*Extracted data*.
:::

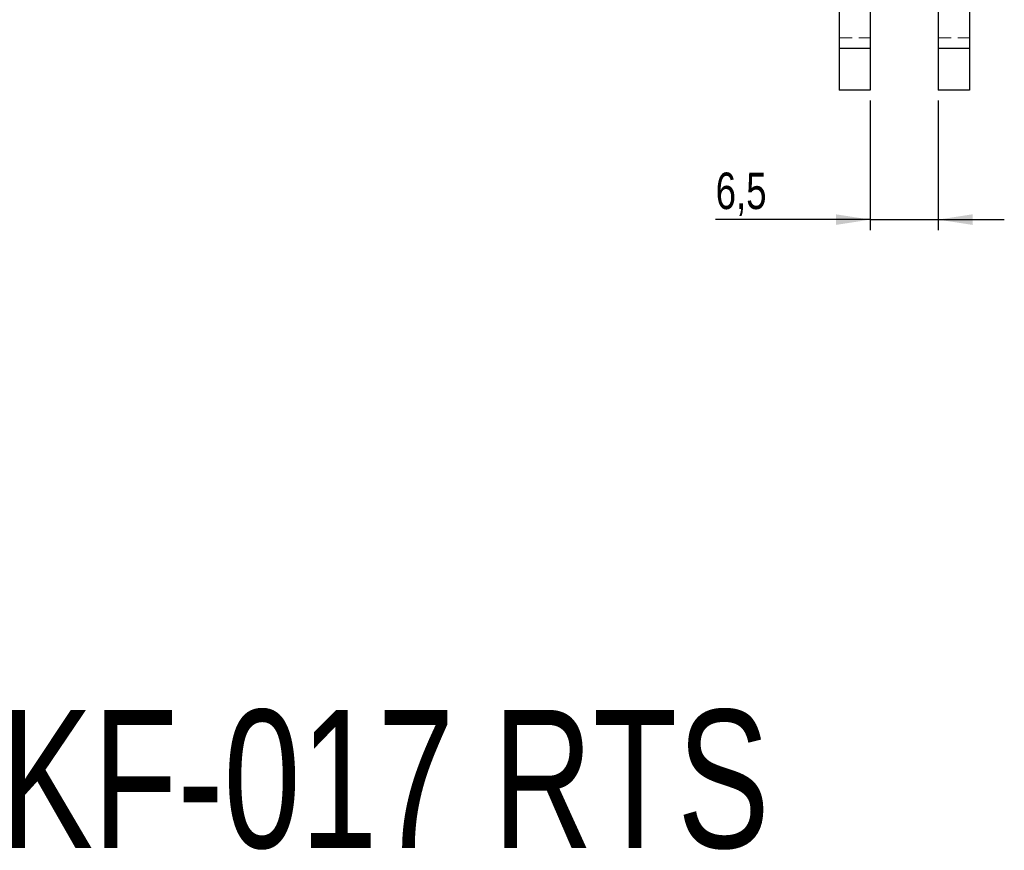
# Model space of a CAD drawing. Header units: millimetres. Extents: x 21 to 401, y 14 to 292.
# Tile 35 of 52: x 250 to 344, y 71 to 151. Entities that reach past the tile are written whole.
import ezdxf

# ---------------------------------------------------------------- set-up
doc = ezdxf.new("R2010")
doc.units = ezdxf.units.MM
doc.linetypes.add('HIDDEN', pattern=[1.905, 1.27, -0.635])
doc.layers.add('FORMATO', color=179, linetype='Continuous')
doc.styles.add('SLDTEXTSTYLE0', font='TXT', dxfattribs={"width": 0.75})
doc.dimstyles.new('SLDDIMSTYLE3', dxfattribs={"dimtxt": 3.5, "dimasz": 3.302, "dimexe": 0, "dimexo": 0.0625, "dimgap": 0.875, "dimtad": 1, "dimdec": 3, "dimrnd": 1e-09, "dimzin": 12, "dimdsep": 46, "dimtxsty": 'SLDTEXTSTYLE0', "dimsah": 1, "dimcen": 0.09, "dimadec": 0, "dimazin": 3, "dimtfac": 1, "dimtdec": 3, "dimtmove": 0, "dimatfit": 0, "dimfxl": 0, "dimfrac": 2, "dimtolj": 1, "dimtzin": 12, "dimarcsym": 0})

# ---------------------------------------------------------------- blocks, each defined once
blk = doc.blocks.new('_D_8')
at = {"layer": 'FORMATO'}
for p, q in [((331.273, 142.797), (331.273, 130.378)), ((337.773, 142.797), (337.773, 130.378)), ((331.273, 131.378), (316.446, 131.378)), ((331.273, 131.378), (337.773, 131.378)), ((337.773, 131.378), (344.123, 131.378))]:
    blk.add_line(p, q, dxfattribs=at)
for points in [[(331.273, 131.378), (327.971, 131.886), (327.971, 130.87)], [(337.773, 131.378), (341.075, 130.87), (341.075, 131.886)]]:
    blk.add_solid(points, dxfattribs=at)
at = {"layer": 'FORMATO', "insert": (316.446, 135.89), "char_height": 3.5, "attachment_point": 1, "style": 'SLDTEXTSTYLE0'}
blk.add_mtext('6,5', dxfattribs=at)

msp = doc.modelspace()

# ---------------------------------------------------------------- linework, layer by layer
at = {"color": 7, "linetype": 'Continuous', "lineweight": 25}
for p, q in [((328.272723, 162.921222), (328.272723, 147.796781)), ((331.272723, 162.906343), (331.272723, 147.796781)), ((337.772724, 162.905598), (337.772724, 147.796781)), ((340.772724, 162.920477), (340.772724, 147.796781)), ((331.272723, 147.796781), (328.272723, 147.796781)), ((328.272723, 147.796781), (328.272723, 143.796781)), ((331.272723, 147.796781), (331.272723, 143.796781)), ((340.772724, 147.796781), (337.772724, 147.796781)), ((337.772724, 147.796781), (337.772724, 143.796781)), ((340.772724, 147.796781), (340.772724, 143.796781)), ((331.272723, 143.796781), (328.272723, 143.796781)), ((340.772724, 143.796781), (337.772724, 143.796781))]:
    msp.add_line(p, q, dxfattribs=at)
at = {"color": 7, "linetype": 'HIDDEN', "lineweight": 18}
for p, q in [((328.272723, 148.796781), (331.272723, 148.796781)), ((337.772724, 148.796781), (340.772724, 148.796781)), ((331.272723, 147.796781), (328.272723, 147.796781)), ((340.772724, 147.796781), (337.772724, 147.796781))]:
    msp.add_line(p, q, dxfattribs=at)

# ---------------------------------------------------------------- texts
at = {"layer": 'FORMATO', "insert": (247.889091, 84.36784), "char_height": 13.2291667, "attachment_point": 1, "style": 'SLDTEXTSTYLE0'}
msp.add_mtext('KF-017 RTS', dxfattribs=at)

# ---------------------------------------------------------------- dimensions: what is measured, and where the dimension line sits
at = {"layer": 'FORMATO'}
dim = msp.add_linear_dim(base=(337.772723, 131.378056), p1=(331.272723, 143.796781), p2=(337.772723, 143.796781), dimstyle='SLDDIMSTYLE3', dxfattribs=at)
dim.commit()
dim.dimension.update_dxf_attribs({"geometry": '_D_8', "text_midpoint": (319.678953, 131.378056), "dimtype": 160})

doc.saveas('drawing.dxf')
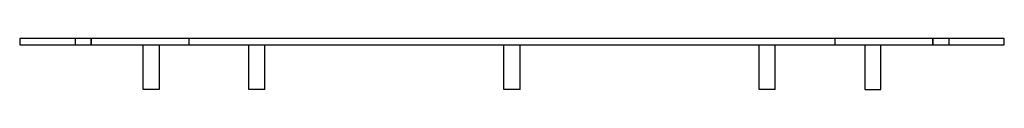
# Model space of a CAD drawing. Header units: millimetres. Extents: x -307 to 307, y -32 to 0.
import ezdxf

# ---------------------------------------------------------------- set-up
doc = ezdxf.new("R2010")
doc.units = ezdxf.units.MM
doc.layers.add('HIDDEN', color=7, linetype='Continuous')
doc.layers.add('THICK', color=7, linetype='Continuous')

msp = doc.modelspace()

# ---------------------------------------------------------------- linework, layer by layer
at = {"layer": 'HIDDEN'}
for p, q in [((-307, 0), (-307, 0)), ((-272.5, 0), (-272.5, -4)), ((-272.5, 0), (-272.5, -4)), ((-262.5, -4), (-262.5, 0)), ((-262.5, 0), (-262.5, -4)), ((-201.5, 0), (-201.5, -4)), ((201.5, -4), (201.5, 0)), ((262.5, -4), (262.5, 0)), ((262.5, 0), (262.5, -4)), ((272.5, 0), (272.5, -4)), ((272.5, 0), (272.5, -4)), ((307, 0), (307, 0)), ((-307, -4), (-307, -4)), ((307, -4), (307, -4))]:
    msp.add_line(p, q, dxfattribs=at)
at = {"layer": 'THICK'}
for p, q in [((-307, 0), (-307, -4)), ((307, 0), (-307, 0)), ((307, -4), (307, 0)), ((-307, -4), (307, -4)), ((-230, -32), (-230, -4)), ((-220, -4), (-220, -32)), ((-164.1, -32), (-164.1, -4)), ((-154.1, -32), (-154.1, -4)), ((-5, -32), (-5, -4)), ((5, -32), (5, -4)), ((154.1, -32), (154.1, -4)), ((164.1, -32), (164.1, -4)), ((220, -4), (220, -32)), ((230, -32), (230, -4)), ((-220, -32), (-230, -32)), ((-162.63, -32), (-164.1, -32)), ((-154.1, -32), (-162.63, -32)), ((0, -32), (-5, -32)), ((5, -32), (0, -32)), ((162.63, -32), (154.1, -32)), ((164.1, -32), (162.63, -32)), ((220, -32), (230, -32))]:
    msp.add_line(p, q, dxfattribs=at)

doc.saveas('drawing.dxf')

:::

*Problem to solve*.
Repeat all of the material above exactly, leaving out pictures.

*Answer box*.
# Model space of a CAD drawing. Header units: millimetres. Extents: x 21 to 401, y 14 to 292.
# Tile 35 of 52: x 250 to 344, y 71 to 151. Entities that reach past the tile are written whole.
import ezdxf

# ---------------------------------------------------------------- set-up
doc = ezdxf.new("R2010")
doc.units = ezdxf.units.MM
doc.linetypes.add('HIDDEN', pattern=[1.905, 1.27, -0.635])
doc.layers.add('FORMATO', color=179, linetype='Continuous')
doc.styles.add('SLDTEXTSTYLE0', font='TXT', dxfattribs={"width": 0.75})
doc.dimstyles.new('SLDDIMSTYLE3', dxfattribs={"dimtxt": 3.5, "dimasz": 3.302, "dimexe": 0, "dimexo": 0.0625, "dimgap": 0.875, "dimtad": 1, "dimdec": 3, "dimrnd": 1e-09, "dimzin": 12, "dimdsep": 46, "dimtxsty": 'SLDTEXTSTYLE0', "dimsah": 1, "dimcen": 0.09, "dimadec": 0, "dimazin": 3, "dimtfac": 1, "dimtdec": 3, "dimtmove": 0, "dimatfit": 0, "dimfxl": 0, "dimfrac": 2, "dimtolj": 1, "dimtzin": 12, "dimarcsym": 0})

# ---------------------------------------------------------------- blocks, each defined once
blk = doc.blocks.new('_D_8')
at = {"layer": 'FORMATO'}
for p, q in [((331.273, 142.797), (331.273, 130.378)), ((337.773, 142.797), (337.773, 130.378)), ((331.273, 131.378), (316.446, 131.378)), ((331.273, 131.378), (337.773, 131.378)), ((337.773, 131.378), (344.123, 131.378))]:
    blk.add_line(p, q, dxfattribs=at)
for points in [[(331.273, 131.378), (327.971, 131.886), (327.971, 130.87)], [(337.773, 131.378), (341.075, 130.87), (341.075, 131.886)]]:
    blk.add_solid(points, dxfattribs=at)
at = {"layer": 'FORMATO', "insert": (316.446, 135.89), "char_height": 3.5, "attachment_point": 1, "style": 'SLDTEXTSTYLE0'}
blk.add_mtext('6,5', dxfattribs=at)

msp = doc.modelspace()

# ---------------------------------------------------------------- linework, layer by layer
at = {"color": 7, "linetype": 'Continuous', "lineweight": 25}
for p, q in [((328.272723, 162.921222), (328.272723, 147.796781)), ((331.272723, 162.906343), (331.272723, 147.796781)), ((337.772724, 162.905598), (337.772724, 147.796781)), ((340.772724, 162.920477), (340.772724, 147.796781)), ((331.272723, 147.796781), (328.272723, 147.796781)), ((328.272723, 147.796781), (328.272723, 143.796781)), ((331.272723, 147.796781), (331.272723, 143.796781)), ((340.772724, 147.796781), (337.772724, 147.796781)), ((337.772724, 147.796781), (337.772724, 143.796781)), ((340.772724, 147.796781), (340.772724, 143.796781)), ((331.272723, 143.796781), (328.272723, 143.796781)), ((340.772724, 143.796781), (337.772724, 143.796781))]:
    msp.add_line(p, q, dxfattribs=at)
at = {"color": 7, "linetype": 'HIDDEN', "lineweight": 18}
for p, q in [((328.272723, 148.796781), (331.272723, 148.796781)), ((337.772724, 148.796781), (340.772724, 148.796781)), ((331.272723, 147.796781), (328.272723, 147.796781)), ((340.772724, 147.796781), (337.772724, 147.796781))]:
    msp.add_line(p, q, dxfattribs=at)

# ---------------------------------------------------------------- texts
at = {"layer": 'FORMATO', "insert": (247.889091, 84.36784), "char_height": 13.2291667, "attachment_point": 1, "style": 'SLDTEXTSTYLE0'}
msp.add_mtext('KF-017 RTS', dxfattribs=at)

# ---------------------------------------------------------------- dimensions: what is measured, and where the dimension line sits
at = {"layer": 'FORMATO'}
dim = msp.add_linear_dim(base=(337.772723, 131.378056), p1=(331.272723, 143.796781), p2=(337.772723, 143.796781), dimstyle='SLDDIMSTYLE3', dxfattribs=at)
dim.commit()
dim.dimension.update_dxf_attribs({"geometry": '_D_8', "text_midpoint": (319.678953, 131.378056), "dimtype": 160})

doc.saveas('drawing.dxf')
# Model space of a CAD drawing. Header units: millimetres. Extents: x -307 to 307, y -32 to 0.
import ezdxf

# ---------------------------------------------------------------- set-up
doc = ezdxf.new("R2010")
doc.units = ezdxf.units.MM
doc.layers.add('HIDDEN', color=7, linetype='Continuous')
doc.layers.add('THICK', color=7, linetype='Continuous')

msp = doc.modelspace()

# ---------------------------------------------------------------- linework, layer by layer
at = {"layer": 'HIDDEN'}
for p, q in [((-307, 0), (-307, 0)), ((-272.5, 0), (-272.5, -4)), ((-272.5, 0), (-272.5, -4)), ((-262.5, -4), (-262.5, 0)), ((-262.5, 0), (-262.5, -4)), ((-201.5, 0), (-201.5, -4)), ((201.5, -4), (201.5, 0)), ((262.5, -4), (262.5, 0)), ((262.5, 0), (262.5, -4)), ((272.5, 0), (272.5, -4)), ((272.5, 0), (272.5, -4)), ((307, 0), (307, 0)), ((-307, -4), (-307, -4)), ((307, -4), (307, -4))]:
    msp.add_line(p, q, dxfattribs=at)
at = {"layer": 'THICK'}
for p, q in [((-307, 0), (-307, -4)), ((307, 0), (-307, 0)), ((307, -4), (307, 0)), ((-307, -4), (307, -4)), ((-230, -32), (-230, -4)), ((-220, -4), (-220, -32)), ((-164.1, -32), (-164.1, -4)), ((-154.1, -32), (-154.1, -4)), ((-5, -32), (-5, -4)), ((5, -32), (5, -4)), ((154.1, -32), (154.1, -4)), ((164.1, -32), (164.1, -4)), ((220, -4), (220, -32)), ((230, -32), (230, -4)), ((-220, -32), (-230, -32)), ((-162.63, -32), (-164.1, -32)), ((-154.1, -32), (-162.63, -32)), ((0, -32), (-5, -32)), ((5, -32), (0, -32)), ((162.63, -32), (154.1, -32)), ((164.1, -32), (162.63, -32)), ((220, -32), (230, -32))]:
    msp.add_line(p, q, dxfattribs=at)

doc.saveas('drawing.dxf')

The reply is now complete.